Uma crítica ao “Segredo”

Não haveria pobreza, fome e infelicidade se tudo tivesse como fundamento o pensamento. Se há algo misterioso não trata-se apenas do homem e da força de seu pensamento, mas acredito que a questão é bem mais complexa e, realmente, ininteligível para nós. O que há efetivamente de intrigante, ao meu ver, é a diferença entre os desejos das pessoas. Uns querem ser médicos, outros jornalistas, artistas, publicitários, advogados ou ainda estão satisfeitos com suas funções de pedreiro, secretária e etc. Há, ainda, aqueles que vem na ausência de trabalho a sua meta de vida (ganhar na Mega-Sena ou viver de rendimentos de seu milhão). Portanto, é esse "querer" individual, implícito e inquietante que cada um de nós possui que me parece ser o grande segredo. Uma espécie de vontade que recebemos e, que, ao segui-la, todas as coisas se descortinam em nossa frente de uma maneira sublime. Não que o caminho seja claro e liso; mas todo caminho que merece ser contado é tortuoso e difícil. Mas, vale a pena! Pois, tudo que é verdadeiro, dignificante e que realmente nos preenche como pessoa deve ser conquistado. E, o que nos move nessa direção é essa "vontade de potência" (F.Nietzsche). Esse é o grande segredo: seguir nossas convicções e nossos desejos mais íntimos, mesmo que isso nos custe muita energia, garra e, claro, tentativas.

julho 25, 2007

Uma grande lição para sermos e respeitarmos o que somos


"Não pense que a pessoa tem tanta força assim a ponto de levar qualquer espécie de vida e continuar a mesma. Até cortar os próprios defeitos pode ser perigoso — nunca se sabe qual é o defeito que sustenta nosso edifício inteiro. Nem sei como explicar minha alma. Mas o que eu queria dizer é que a gente é muito preciosa, e que é somente até um certo ponto que a gente pode desistir de si própria e se dar aos outros e às circunstâncias. Depois que uma pessoa perder o respeito a si mesma e o respeito às suas próprias necessidades — depois disso fica-se um pouco um trapo" Clarice Lispector


Eis a grande lição da escritora. Ser o que se é talvez seja o que justifica uma vida. Manter suas convicções apesar de... Manter os seus desejos apesar de... Manter suas escolhas apesar de... Este é o desafio que nos é posto a todo momento. Cada adversário, cada amigo e familiar que aconselha a desviar a rota da nossa vontade íntima. Cada situação que nos testa e cada tirano que quer apaziguar nossa luta e domesticar nossas verdades tão incomodas. Cada relação afetiva que priva nossa liberdade e nossos sonhos, que desrespeita o que temos de mais espontâneo e alegre.
Dizer não! Para enfim, afirmar sua própria vida. Dizer sim a si próprio. Trata-se de um ato de coragem, de resistência e autenticidade. Assumir a responsabilidade, a condução, os erros e saber que as conquistas são suas. Eis a grande recompensa de uma vida, saber que ela foi vivida com autonomia, independência e verdade. Eis o grande objetivo de todos: vivermos o que somos, sem constrangimentos e com o respeito das pessoas. E respeitar não é concordar sempre, mas
compreender apesar das diferenças. Uma atitude tolerante e solidária com o outro e automaticamente consigo que passa a ter o mesmo direito perante o outro. Eis a grandeza do respeito - a solidariedade em deixar que outro seja o que é, apesar de...Por isso, façamos esse pacto de respeito uns com os outros.

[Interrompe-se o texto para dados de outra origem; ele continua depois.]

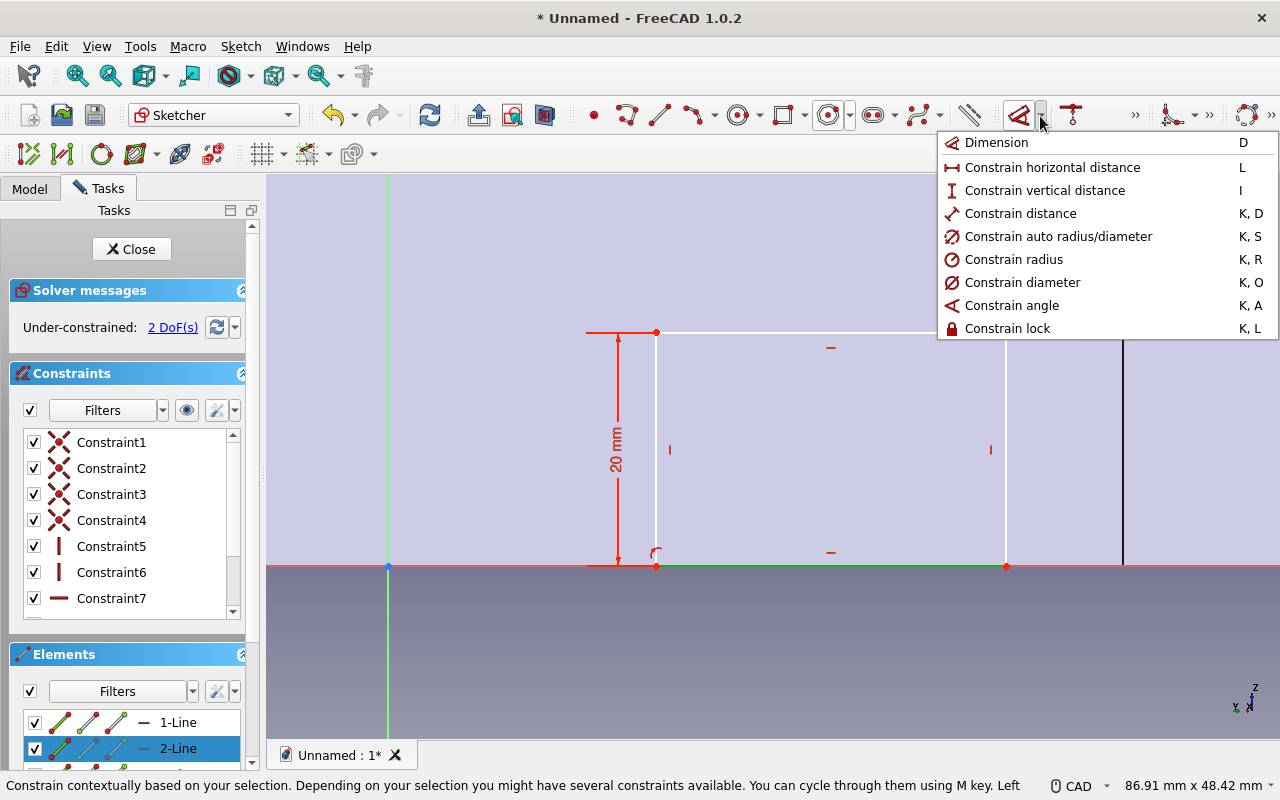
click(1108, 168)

E, para finaliza, mais lições de Clarice....

"Juro por Deus que se houvesse um céu, uma pessoa que se sacrificou por covardia — será punida e irá para um inferno qualquer. Se é que uma vida morna não será punida por essa mesma mornidão. Pegue para você o que lhe pertence, e o que lhe pertence é tudo aquilo que sua vida exige. Parece uma vida amoral. Mas o que é verdadeiramente imoral é ter desistido de si mesma. Espero em Deus que você acredite em mim. Gostaria mesmo que você me visse e assistisse minha vida sem eu saber. Isso seria uma lição para mim. Ver o que pode suceder quando se pactua com a comodidade de alma" . Tua Clarice.

julho 09, 2007

Entusiasmo: o sentimento mais precioso que há

Porque sem o entusiasmo todas as coisas perdem viço, beleza e sentido. Não há nada capaz de tocar e comover uma pessoa que não possua entusiasmo na maneira de ver o mundo. Nem a natureza, nem o dinheiro, nem o sentimento do outro, nem as realizações profissionais. Pois, quando falta o entusiasmo nessas coisas é como se faltasse a celebração e a alegria em conquistá-las.
O entusiasmo, palavra de origem grega, tem um sentido muito delicado que é: “ter Deus dentro de si”. Não se trata de um Deus unitário e soberano, já que os próprios gregos acreditavam que existiam múltiplas formas de Deus se manifestar (politeísmo). Mas, um Deus que é sinônimo do que temos de mais soberano e transcendente. Ter Deus em nós é como compartilhar toda a beleza, toda a alegria, a tristeza, a grandeza e os precipícios que compõem a vida. Uma espécie de natureza singular que contém o universal e o particular. Ter Deus. Ter vida: em toda sua contradição e força.
Por isso, entusiasmo não é sinônimo de otimismo. Ser otimista é esperar que as coisas dêem certo. Uma espécie de "espera feliz". O entusiasmo não é uma espera, mas uma ação. Ser entusiasmado é comover-se com todas as coisas, ver em todas elas um potencial. E, acima de tudo, ser entusiasmado é acreditar em sua própria potência e força. Uma espécie de "coragem alegre" em acreditar na vida e acima de tudo em acreditar em si próprio. Na força transformadora e efetiva dos seus sonhos.
Entusiasmar-se é ser tomado pela vida e por ela comover-se e mover-se.

julho 01, 2007

"Diga-me o que tu lês e te direi quem és"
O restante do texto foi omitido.